▶ **Work order**:
The entries that follow should be reproduced exactly, with no images carried over.
Top of Data provided
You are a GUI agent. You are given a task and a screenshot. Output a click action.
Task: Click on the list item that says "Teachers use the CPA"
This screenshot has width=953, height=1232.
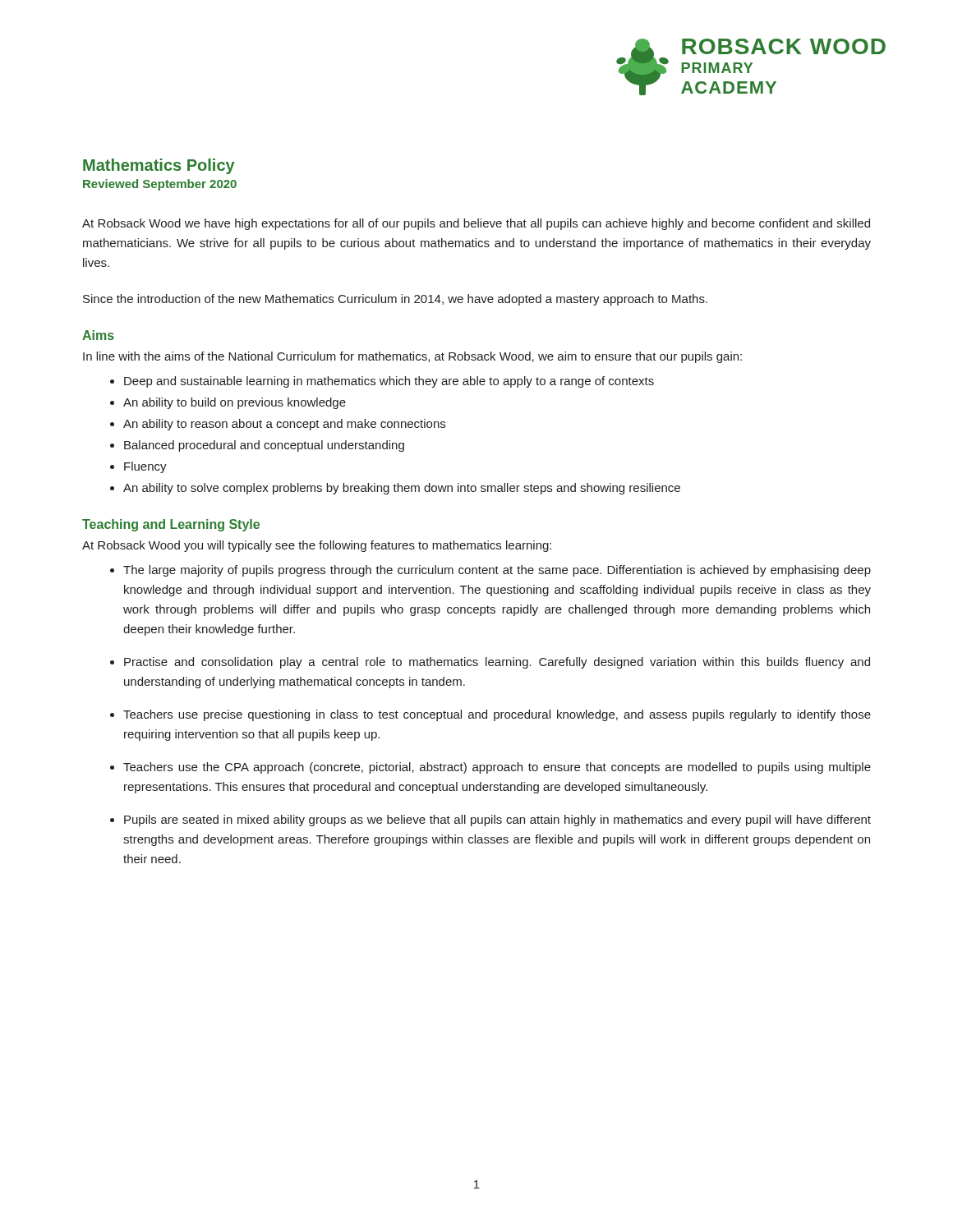[x=497, y=777]
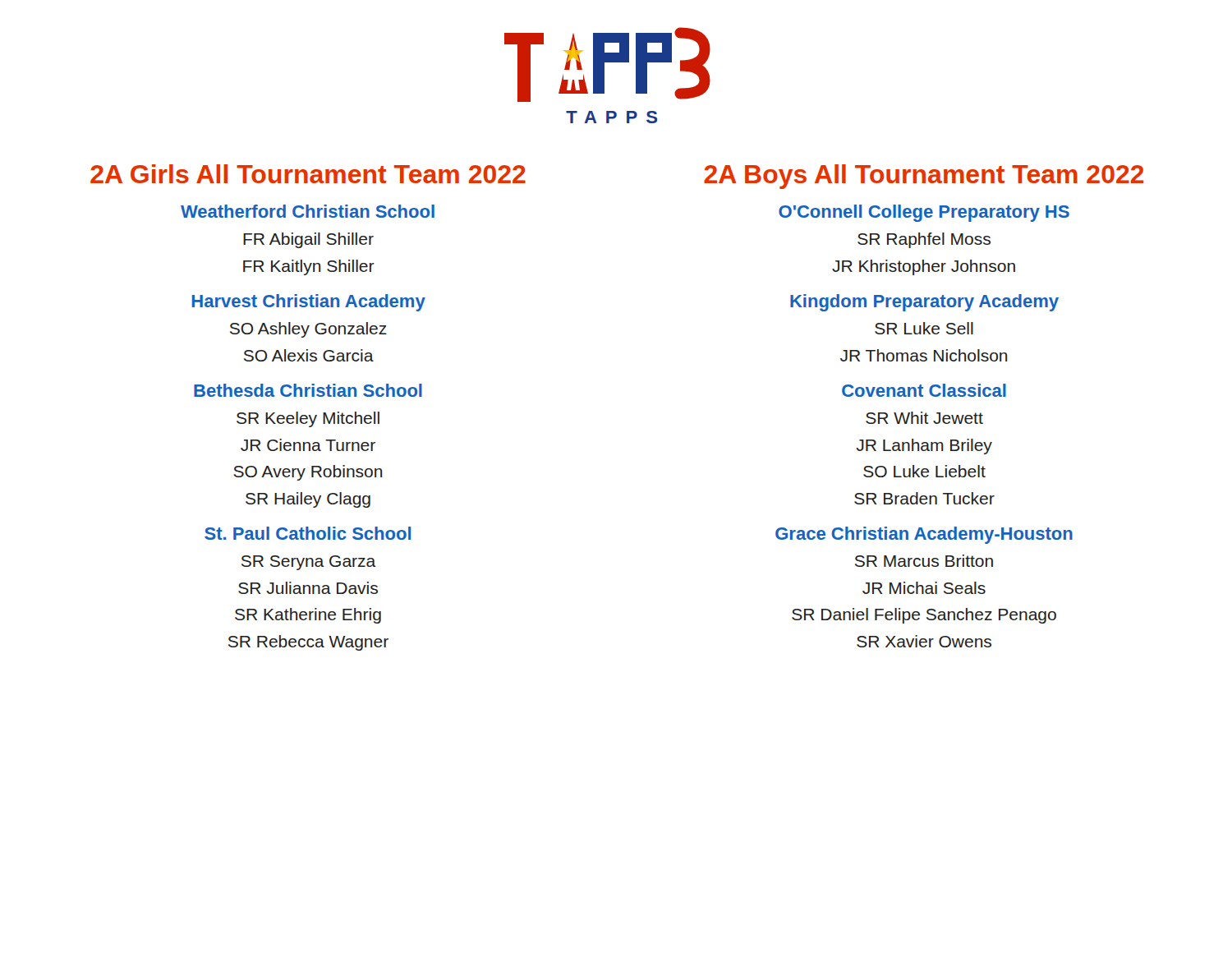Point to the text starting "SR Keeley Mitchell"
The height and width of the screenshot is (953, 1232).
pos(308,418)
Bottom of Data provided
▶ **Output of the exercise**:
You are a GUI agent. You are given a task and a screenshot. Output a click action.
Task: Click on the list item that says "Teachers use the CPA"
This screenshot has width=953, height=1232.
[x=497, y=777]
Point to the text starting "SR Keeley Mitchell"
The height and width of the screenshot is (953, 1232).
pos(308,418)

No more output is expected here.